On August 17, 2011, Mr. Lashley submitted notice to the Company of his intent to nominate two nominees for election as directors at the Company’s 2011 Annual Stockholder Meeting. A copy of the nomination letter is attached as Exhibit 5 to Amendment No. 4 to the Schedule 13D. On October 25, 2011, Mr. Lashley sent a letter to the Company indicating he would only solicit proxies for one of the nominees. See Exhibit 16 attached hereto.
In connection with Mr. Lashley’s intent to nominate directors, Mr. Lashley submitted a stockholder demand for inspection of stockholder records to the company on August 18, 2011, a copy of which is attached as Exhibit 6 to Amendment No. 4 to the Schedule 13D. The Company responded to the demand letter on August 25, 2011 to indicate that it would provide to the PL Capital Group the information it is entitled to examine under Delaware law. See Exhibit 7 attached to Amendment No. 5 to the Schedule 13D. The PL Capital Group and the Company then exchanged letters clarifying the information to be provided to the PL Capital Group and the cost of such information. See Exhibit 8, Exhibit 9, Exhibit 10 and Exhibit 11 each attached to Amendment No. 5 to the Schedule 13D.
On January 8, 2010, the PL Capital Group sent a letter to the Board of Directors outlining concerns related to the Company’s compliance with the Standstill Agreement discussed below, a copy of which is attached as Exhibit 4 to Amendment No. 3 to the Schedule 13D.
On December 1, 2009, the PL Capital Group sent a letter to the Board of Directors outlining concerns related to the Company’s common stock offering, a copy of which was attached as Exhibit 3 to Amendment No. 2 to the Schedule 13D.
On August 26, 2009, the PL Capital Group entered into a Standstill Agreement (the “Agreement”) with HF Financial, a copy of which was attached as Exhibit 2 to Amendment No. 1 to the Schedule 13D. The Agreement was entered into after HF Financial’s board of directors decided to adopt a majority voting policy, and the Agreement has now expired.
Members of the PL Capital Group may make further purchases of shares of Common Stock.

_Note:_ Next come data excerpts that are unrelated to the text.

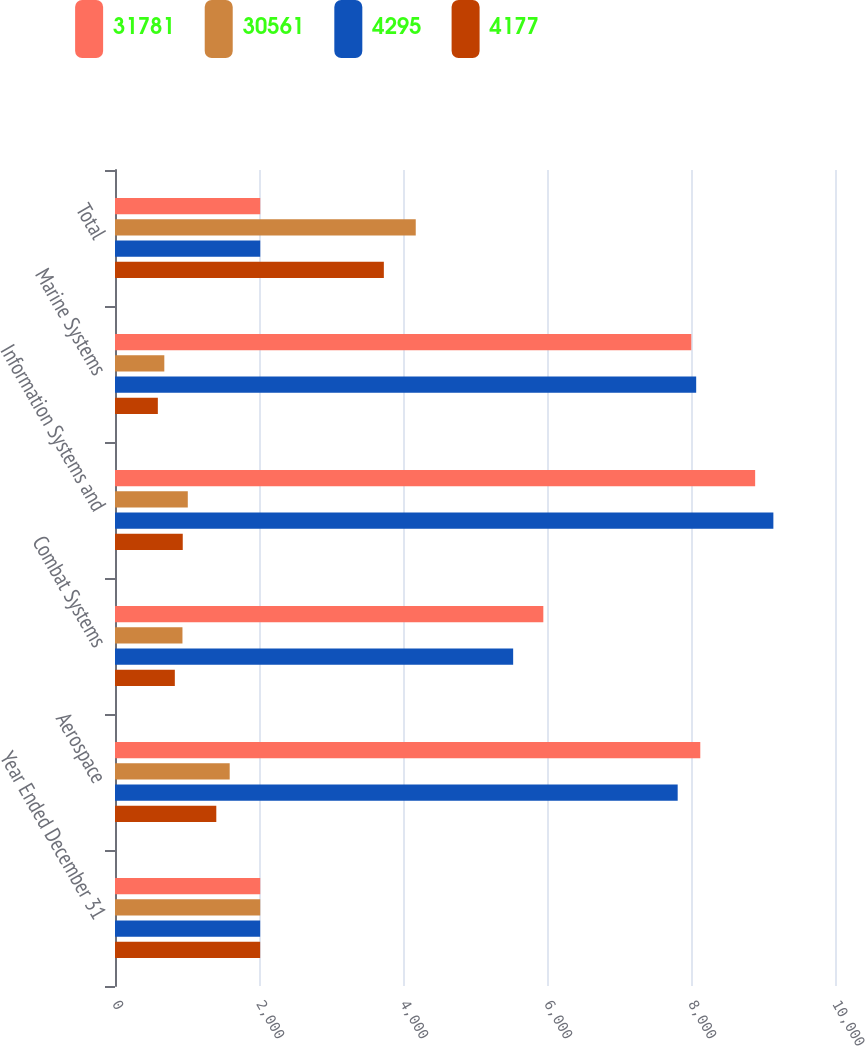Convert chart to OTSL. <chart><loc_0><loc_0><loc_500><loc_500><stacked_bar_chart><ecel><fcel>Year Ended December 31<fcel>Aerospace<fcel>Combat Systems<fcel>Information Systems and<fcel>Marine Systems<fcel>Total<nl><fcel>31781<fcel>2017<fcel>8129<fcel>5949<fcel>8891<fcel>8004<fcel>2017<nl><fcel>30561<fcel>2017<fcel>1593<fcel>937<fcel>1011<fcel>685<fcel>4177<nl><fcel>4295<fcel>2016<fcel>7815<fcel>5530<fcel>9144<fcel>8072<fcel>2017<nl><fcel>4177<fcel>2016<fcel>1407<fcel>831<fcel>941<fcel>595<fcel>3734<nl></chart> 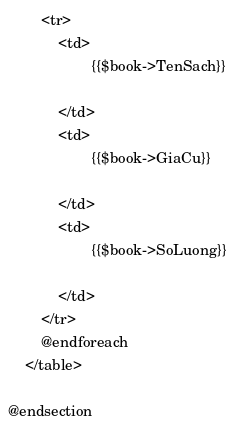<code> <loc_0><loc_0><loc_500><loc_500><_PHP_>        <tr>
            <td>
                    {{$book->TenSach}}

            </td>
            <td>
                    {{$book->GiaCu}}
                    
            </td>
            <td>
                    {{$book->SoLuong}}
                    
            </td>
        </tr>
        @endforeach
    </table>
    
@endsection</code> 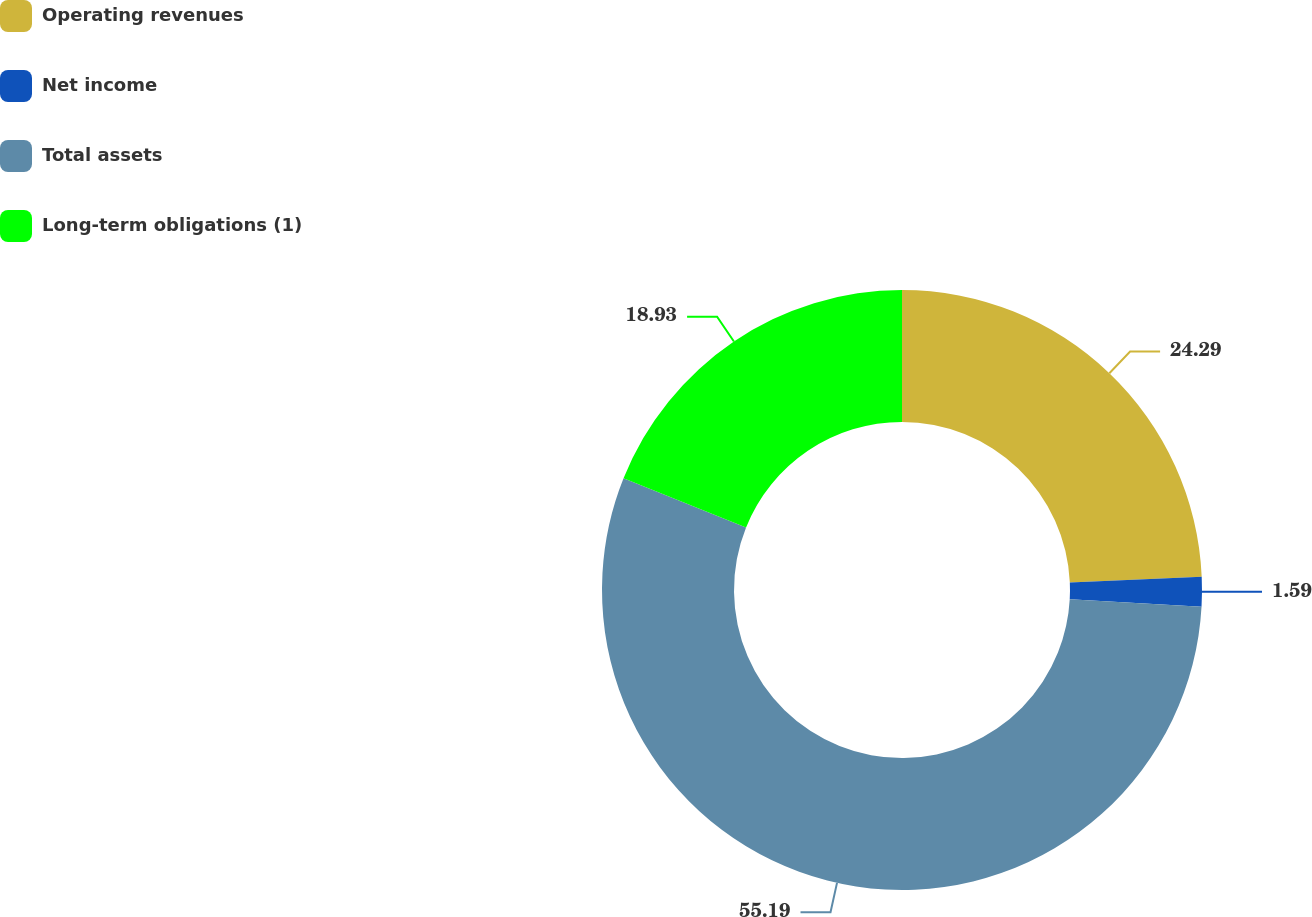Convert chart. <chart><loc_0><loc_0><loc_500><loc_500><pie_chart><fcel>Operating revenues<fcel>Net income<fcel>Total assets<fcel>Long-term obligations (1)<nl><fcel>24.29%<fcel>1.59%<fcel>55.18%<fcel>18.93%<nl></chart> 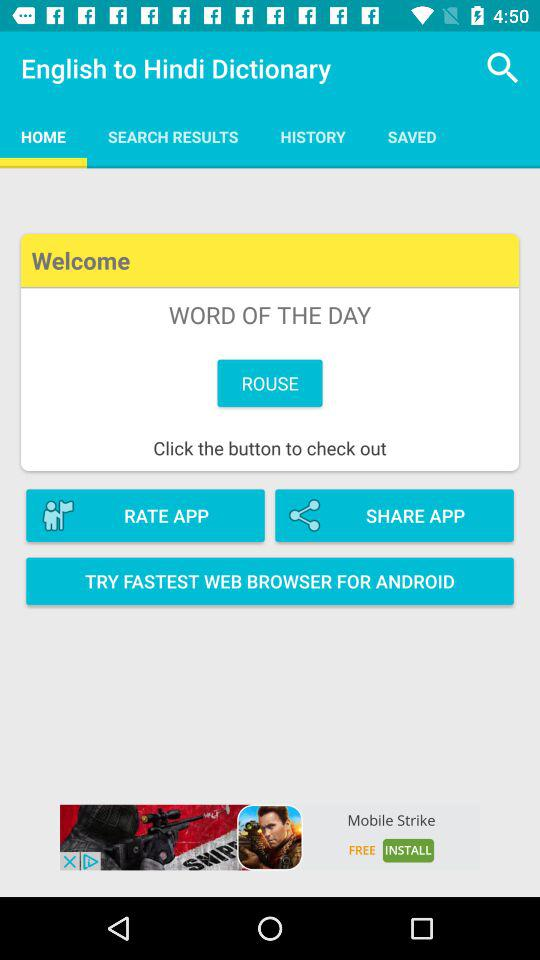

Members of the PL Capital Group may dispose of any or all the shares of Common Stock held by them.
To the extent the actions described herein may be deemed to constitute a “control purpose” with respect to the Exchange Act and the regulations thereunder, the PL Capital Group has such a purpose. Except as noted in this Amended Schedule 13D, no member of the PL Capital Group has any plans or proposals, which relate to, or would result in, any of the matters referred to in paragraphs (b) through (j), inclusive of Item (4) of Schedule 13D. Such individuals may, at any time and from time to time, review or reconsider their positions and formulate plans or proposals with respect thereto.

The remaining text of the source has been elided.